To solve this problem, we need to use the Heisenberg Uncertainty Principle, which states that the product of the uncertainties in position and momentum of a particle is greater than or equal to Planck's constant divided by 2π.
a) To find the minimum uncertainty in Fuzzy's speed, we need to find the uncertainty in his momentum. The uncertainty in momentum can be calculated by taking the product of the mass of Fuzzy and the uncertainty in his velocity.
Given:
Mass of Fuzzy (m) = 2.0 kg
Width of the region (Δx) = 1.0 m (uncertainty in position)
To find the uncertainty in velocity (V), we'll use the formula:
V = Δx / t
Where t is the time interval, which we'll take as an infinitesimally small time period. Assuming t to be very small, we can approximate V as Δx / Δt.
Δt is the time taken to traverse Δx, and in this case, since the region is 1.0 m, Δx is also the displacement. We'll take the Δt to be the time taken to travel this displacement.

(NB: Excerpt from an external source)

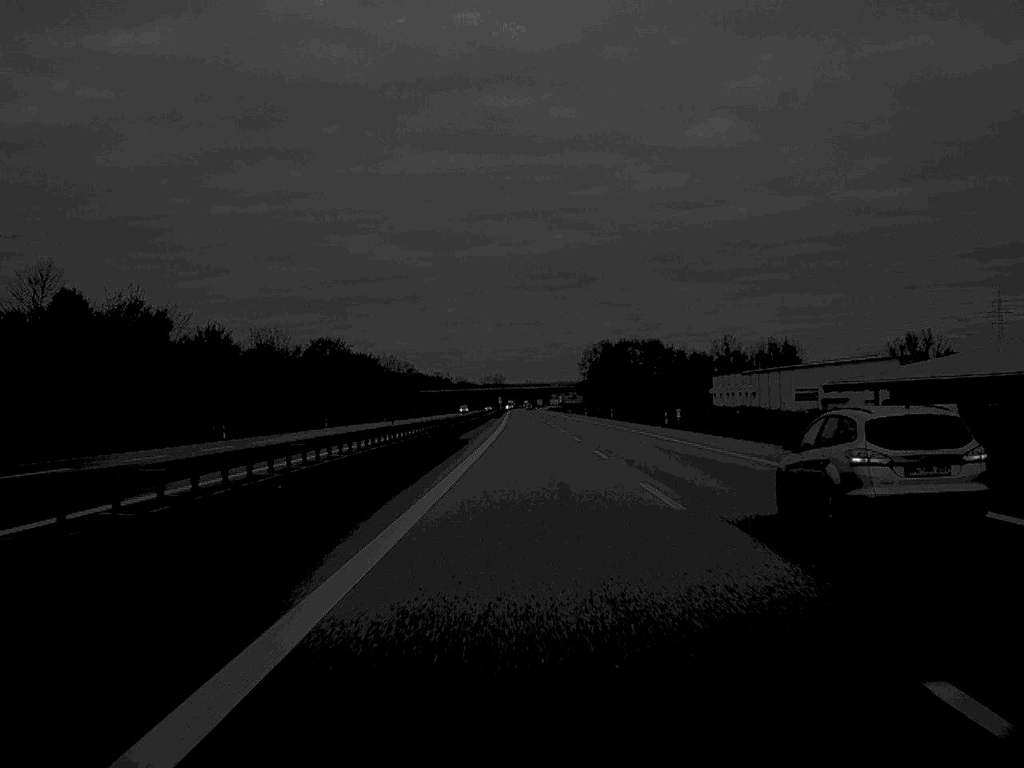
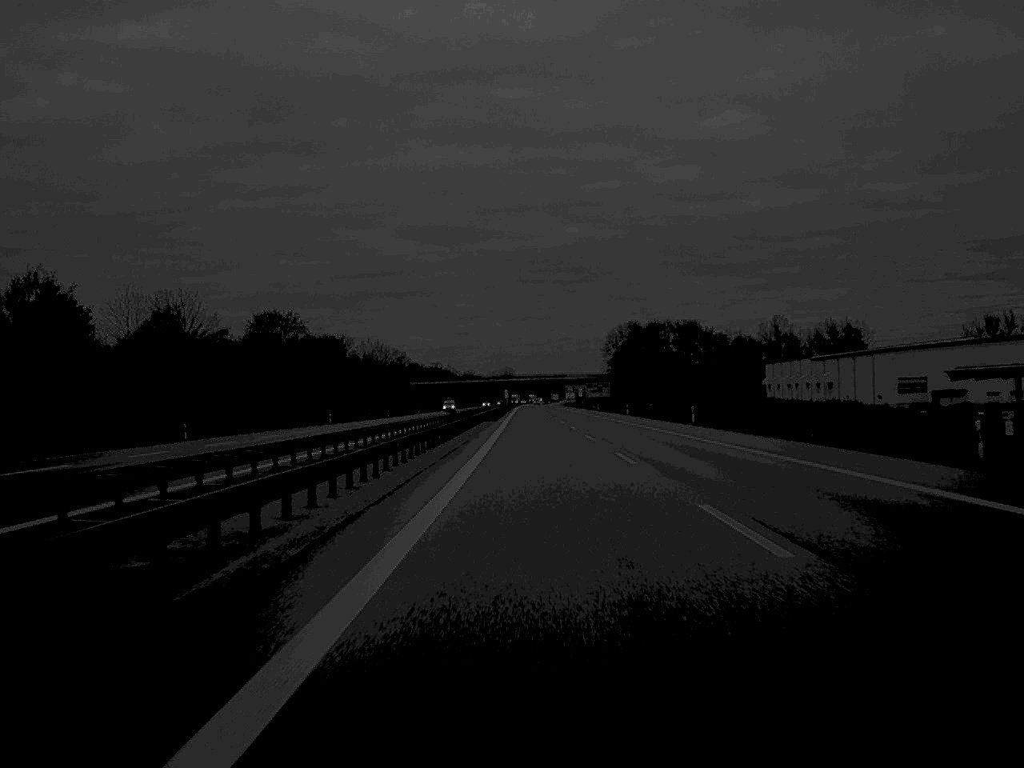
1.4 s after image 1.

Using the formula: Displacement (Δx) = initial velocity (v₀) * time (Δt)
We can rearrange the formula to find Δt:
Δt = Δx / v₀
Substituting the values:
Δt = 1.0 m / v₀
To find v₀, we need to consider the initial situation, where the uncertainty in velocity is minimum. The minimum uncertainty in the velocity occurs when particles are described by an equal probability of being anywhere within the region. In this case, we can assume the initial velocity (v₀) is half the maximum possible velocity.
The maximum possible velocity is the velocity of light (c). However, since we are dealing with a macroscopic object, we'll consider a much smaller maximum velocity, such as the velocity of sound in air (v).
Assuming v = 343 m/s (speed of sound in air), we'll take v₀ = v/2.
Substituting the value of v₀ in Δt = 1.0 m / v₀:
Δt = 1.0 m / (v/2) = 2.0 m / v
Now, the uncertainty in velocity (Δv) is given by:
Δv = v - v₀
Substituting v₀ = v/2:
Δv = v - (v/2) = v/2
The uncertainty in momentum (Δp) is given by:
Δp = m * Δv
Substituting the value of mass (m) = 2.0 kg and Δv = v/2:
Δp = 2.0 kg * (v/2) = v kg·m/s
Finally, we can use the Heisenberg Uncertainty Principle to find the uncertainty in speed:
Δp * Δv ≥ h / (2π)
Substituting the value of h = 2π J.s and Δp = Δv = v/2:
(v/2) * (v/2) ≥ (2π J.s) / (2π)
Simplifying the equation:
(v²/4) ≥ 1 J.s
To find the minimum uncertainty in speed, we'll solve for v:
v² ≥ 4 J.s
v ≥ √(4 J.s)
v ≥ 2 m/s
Therefore, the minimum uncertainty in Fuzzy's speed is 2 m/s.
b) Using the uncertainty principle, we know that the product of the uncertainties in position and momentum is greater than or equal to h / (2π). We can rearrange this equation to solve for the uncertainty in position (Δx):
Δx * Δp ≥ h / (2π)
Substituting the values, we have:
Δx * (m * Δv) ≥ h / (2π)
Substituting the value of mass (m) = 2.0 kg and Δv = v/2:
Δx * (2.0 kg * (v/2)) ≥ (2π J.s) / (2π)
Simplifying the equation:
Δx * (v kg·m/s) ≥ 1 J.s
Since we have already found the minimum uncertainty in speed to be 2 m/s, we can substitute this value:
Δx * (2 kg·m/s) ≥ 1 J.s
Simplifying further:
2Δx ≥ 1 kg·m/s
To find the uncertainty in position (Δx), we divide both sides of the equation by 2:
Δx ≥ 0.5 kg·m/s
Now, we can multiply the minimum uncertainty in speed (2 m/s) by the time interval (5.0 s) to find the uncertainty in position:
Δx = Δv * t
Δx = 0.5 kg·m/s * 5.0 s
Δx = 2.5 kg·m
Therefore, the uncertainty in position after 5.0 seconds is 2.5 kg·m.